The technical objectives of this project will be achieved through field sampling, bench-scale laboratory experiments, and advanced analytical techniques. AFFF-impacted concrete and asphalt, including subsurface aggregate support and soils, will be sampled from fire training areas, fire stations, hangars, and crash sites to represent different surface features and conditions. Materials will be sectioned and spatially-resolved samples will be drilled or crushed to fine particle sizes, followed by multiple solvent extractions. Environmental Protection Agency (EPA) Method 1633 will be used to analyze target PFAS, and sample extracts will also be analyzed by nontarget high-resolution mass spectrometry for suspect screening of additional PFAS. Surface samples corresponding to sites with high PFAS concentrations will be evaluated via a suite of advanced techniques including ion beam analysis, imaging, and direct mass spectrometry. Materials will be evaluated for the potential to serve as long-term PFAS sources via stormwater runoff using both equilibrium batch testing and under flow conditions. Impacted surfaces will be subjected to a number of commercially available treatments and sealants to test the ability of these treatments to remove or bind PFAS and prevent future environmental release. Leaching tests and surface microstructure analyses will be used to evaluate the efficacy of additives to bind PFAS during recycling of aggregate material into new concrete for beneficial reuse.

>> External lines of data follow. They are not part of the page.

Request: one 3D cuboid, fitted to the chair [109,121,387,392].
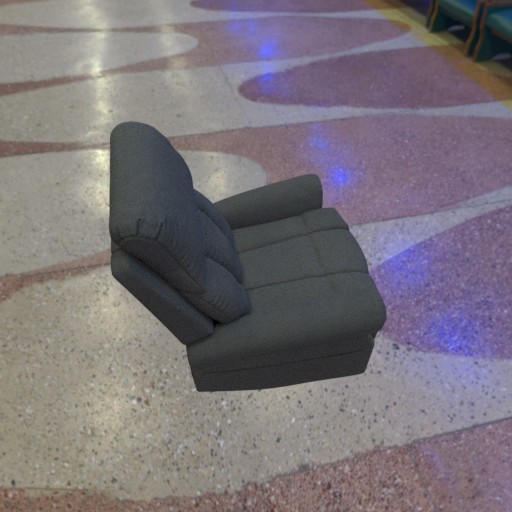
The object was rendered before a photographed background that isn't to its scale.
[{"bbox_3d":[0.000,0.000,1.812,0.979,1.031,0.871,-9,47,-8],"label":"chair"}]
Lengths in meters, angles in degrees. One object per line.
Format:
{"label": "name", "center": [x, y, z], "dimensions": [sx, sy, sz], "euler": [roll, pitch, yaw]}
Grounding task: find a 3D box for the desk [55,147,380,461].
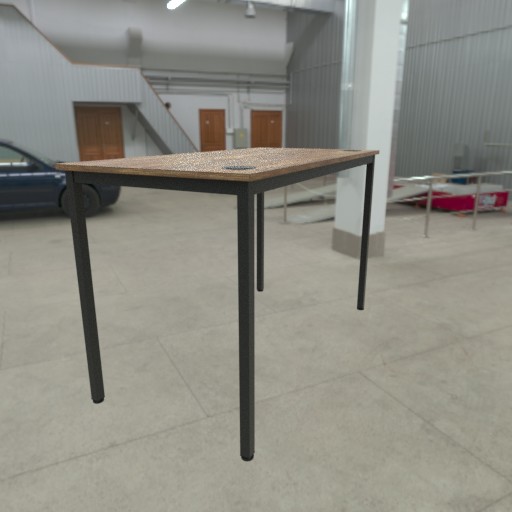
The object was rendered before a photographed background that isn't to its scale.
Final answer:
{"label": "desk", "center": [0.000, 0.000, 1.679], "dimensions": [0.600, 0.749, 1.200], "euler": [8, 18, 27]}
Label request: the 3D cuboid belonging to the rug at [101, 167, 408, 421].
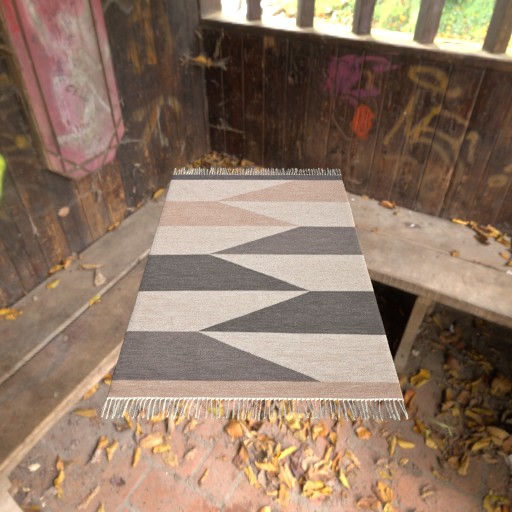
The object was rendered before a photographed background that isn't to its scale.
[{"bbox_3d":[0.000,0.000,2.519,1.224,0.027,2.021,0,40,0],"label":"rug"}]
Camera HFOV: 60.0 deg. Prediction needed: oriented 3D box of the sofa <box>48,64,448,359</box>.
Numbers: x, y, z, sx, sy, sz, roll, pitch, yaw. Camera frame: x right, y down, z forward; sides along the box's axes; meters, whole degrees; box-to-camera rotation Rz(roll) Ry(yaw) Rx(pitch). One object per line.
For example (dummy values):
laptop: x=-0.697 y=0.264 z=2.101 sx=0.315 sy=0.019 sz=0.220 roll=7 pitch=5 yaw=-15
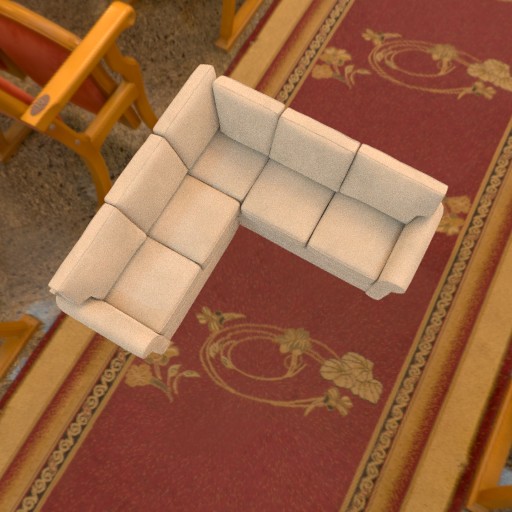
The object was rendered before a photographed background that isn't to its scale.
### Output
sofa: x=0.000 y=0.000 z=3.956 sx=2.569 sy=1.054 sz=2.487 roll=28 pitch=76 yaw=8
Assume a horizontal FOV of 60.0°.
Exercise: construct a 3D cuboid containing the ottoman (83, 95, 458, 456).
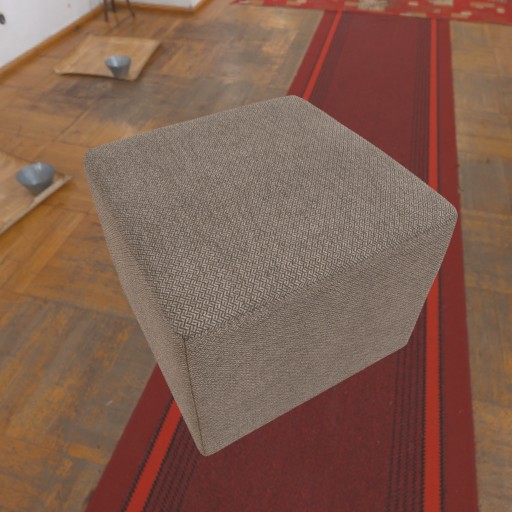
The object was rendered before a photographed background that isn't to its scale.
[{"bbox_3d":[0.000,0.000,0.932,0.519,0.453,0.512,-22,49,-20],"label":"ottoman"}]

Successful completion of this project will provide important new data on the spatial distribution and potential for re-emissions of PFAS in impacted asphalt and concrete pavements. A variety of surface and aggregate treatments will be tested to prevent further emissions of PFAS from in-place and recycled materials. These data will be of critical value to the many locations where long-term AFFF-impacted use on pavements has occurred. (Anticipated Project Completion - 2027)